Poll: No consensus on if Trump should fire Sessions

There is no consensus among the respondents to a new American Barometer poll on if President Trump should fire Attorney General Jeff Sessions, if Sessions should resign or if Sessions should stay on as leader of the Department of Justice.

The survey, conducted by Hill.TV and the HarrisX polling company, found that 40 percent of Americans said they were not sure what should happen with Sessions, while 21 percent said he should resign. 

Eleven percent of respondents said Trump should fire Sessions, while 28 percent said he should continue to serve as the country’s top law enforcement official. 

Trump has frequently launched public attacks on his own attorney general over the past year after Sessions recused himself from special counsel Robert Mueller’s probe into Russian interference in the 2016 presidential election, including any ties between the Trump campaign and Moscow. 

The president slammed Sessions during an interview with Hill.TV last week.

“I don’t have an attorney general. It’s very sad,” Trump said. 

Political analyst Bill Schneider told Hill.TV’s Joe Concha that Trump’s attacks on Sessions demonstrate that he does not fully grasp what the role is meant to entail. 

“My take is that the president of the United States doesn’t understand the job of the attorney general,” Schneider said on “What America’s Thinking.” 

“The attorney general is not Trump’s wingman. He is not his primary lawyer. He’s the head of the Justice Department. He has a constitutional function. Trump believes that the attorney general should be there to protect the president. That’s just not true,” he continued. 

The poll was conducted before it was revealed that Trump and Deputy Attorney General Rod Rosenstein, who has presided over the Russia probe in Sessions’s place, would have a meeting on Thursday that could determine Rosenstein’s future with the department. 

Trump has also publicly slammed Rosenstein in the past, as have many House Republicans, who accuse him of stymieing their probes into alleged anti-Trump bias at the Justice Department.

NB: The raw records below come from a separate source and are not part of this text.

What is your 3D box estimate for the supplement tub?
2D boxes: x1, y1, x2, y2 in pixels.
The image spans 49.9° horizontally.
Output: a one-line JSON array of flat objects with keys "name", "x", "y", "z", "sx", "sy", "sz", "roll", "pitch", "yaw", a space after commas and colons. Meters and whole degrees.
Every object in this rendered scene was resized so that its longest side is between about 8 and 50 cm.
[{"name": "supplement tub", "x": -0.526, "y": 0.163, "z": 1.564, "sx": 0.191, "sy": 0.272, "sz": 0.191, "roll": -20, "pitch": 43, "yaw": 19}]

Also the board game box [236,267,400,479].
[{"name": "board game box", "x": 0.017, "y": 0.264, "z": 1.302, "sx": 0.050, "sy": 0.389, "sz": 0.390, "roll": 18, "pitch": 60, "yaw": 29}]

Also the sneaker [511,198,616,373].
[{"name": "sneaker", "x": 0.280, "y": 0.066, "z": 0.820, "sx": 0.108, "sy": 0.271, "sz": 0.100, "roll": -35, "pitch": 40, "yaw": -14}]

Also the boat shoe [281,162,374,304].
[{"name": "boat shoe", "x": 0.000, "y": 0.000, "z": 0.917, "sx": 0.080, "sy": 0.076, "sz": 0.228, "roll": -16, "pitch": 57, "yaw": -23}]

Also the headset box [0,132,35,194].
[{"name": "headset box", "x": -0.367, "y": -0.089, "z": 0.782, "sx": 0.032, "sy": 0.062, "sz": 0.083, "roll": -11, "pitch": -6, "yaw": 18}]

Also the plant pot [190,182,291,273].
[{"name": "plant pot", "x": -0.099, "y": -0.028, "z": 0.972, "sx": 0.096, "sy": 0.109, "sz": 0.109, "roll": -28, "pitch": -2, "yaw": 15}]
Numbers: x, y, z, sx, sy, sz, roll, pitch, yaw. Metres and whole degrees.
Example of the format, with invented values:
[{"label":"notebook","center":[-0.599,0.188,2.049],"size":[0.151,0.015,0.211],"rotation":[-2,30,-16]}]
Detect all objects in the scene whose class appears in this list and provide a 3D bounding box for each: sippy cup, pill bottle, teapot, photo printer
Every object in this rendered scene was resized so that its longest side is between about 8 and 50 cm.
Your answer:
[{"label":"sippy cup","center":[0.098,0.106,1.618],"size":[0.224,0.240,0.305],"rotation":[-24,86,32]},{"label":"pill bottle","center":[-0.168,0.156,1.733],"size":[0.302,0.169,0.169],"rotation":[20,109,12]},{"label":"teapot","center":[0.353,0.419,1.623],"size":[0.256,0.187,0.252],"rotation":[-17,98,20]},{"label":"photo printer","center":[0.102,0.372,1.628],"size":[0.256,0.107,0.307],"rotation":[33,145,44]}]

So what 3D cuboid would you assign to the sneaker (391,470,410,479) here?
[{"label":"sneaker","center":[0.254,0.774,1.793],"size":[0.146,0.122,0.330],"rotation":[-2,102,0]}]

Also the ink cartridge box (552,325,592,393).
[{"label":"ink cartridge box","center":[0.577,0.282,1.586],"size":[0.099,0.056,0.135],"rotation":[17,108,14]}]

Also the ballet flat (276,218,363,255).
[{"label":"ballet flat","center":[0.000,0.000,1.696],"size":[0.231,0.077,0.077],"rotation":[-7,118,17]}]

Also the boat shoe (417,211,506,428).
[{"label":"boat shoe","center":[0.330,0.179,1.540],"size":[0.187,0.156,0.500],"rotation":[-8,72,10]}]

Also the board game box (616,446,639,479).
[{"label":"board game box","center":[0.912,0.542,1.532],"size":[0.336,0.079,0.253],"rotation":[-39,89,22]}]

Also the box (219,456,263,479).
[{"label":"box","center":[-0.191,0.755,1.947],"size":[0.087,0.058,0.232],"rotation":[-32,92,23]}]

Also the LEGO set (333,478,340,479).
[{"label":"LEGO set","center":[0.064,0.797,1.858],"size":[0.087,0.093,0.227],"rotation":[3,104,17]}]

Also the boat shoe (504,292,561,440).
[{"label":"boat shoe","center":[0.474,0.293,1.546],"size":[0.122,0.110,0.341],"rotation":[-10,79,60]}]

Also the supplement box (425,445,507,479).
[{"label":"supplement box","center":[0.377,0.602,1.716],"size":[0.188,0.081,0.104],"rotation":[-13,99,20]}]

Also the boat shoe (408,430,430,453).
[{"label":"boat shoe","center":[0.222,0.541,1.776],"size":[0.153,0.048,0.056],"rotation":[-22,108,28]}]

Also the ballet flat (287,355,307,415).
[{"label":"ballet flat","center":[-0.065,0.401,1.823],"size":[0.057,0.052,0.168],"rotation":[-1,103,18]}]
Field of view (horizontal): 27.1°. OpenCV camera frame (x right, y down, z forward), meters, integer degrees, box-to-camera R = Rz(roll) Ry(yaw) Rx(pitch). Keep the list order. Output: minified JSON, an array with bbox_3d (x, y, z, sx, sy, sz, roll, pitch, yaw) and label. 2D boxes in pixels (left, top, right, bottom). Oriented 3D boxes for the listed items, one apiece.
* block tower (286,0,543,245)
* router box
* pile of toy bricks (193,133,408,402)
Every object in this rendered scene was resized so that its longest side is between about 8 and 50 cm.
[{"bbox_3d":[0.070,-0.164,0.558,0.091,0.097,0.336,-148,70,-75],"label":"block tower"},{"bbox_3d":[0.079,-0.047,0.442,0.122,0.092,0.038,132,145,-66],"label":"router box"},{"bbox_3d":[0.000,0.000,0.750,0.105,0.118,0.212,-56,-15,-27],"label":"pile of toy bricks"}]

The New York Times reported on Friday that Rosenstein discussed wearing a wire to record the president as a plan to use the 25th Amendment to oust Trump from office. Rosenstein has denied the report, but it has cast doubt on his survival at the Justice Department.

The American Barometer poll was conducted Sept. 21–22 among 1,000 registered voters. The sampling margin of error is plus or minus 3.1 percentage points.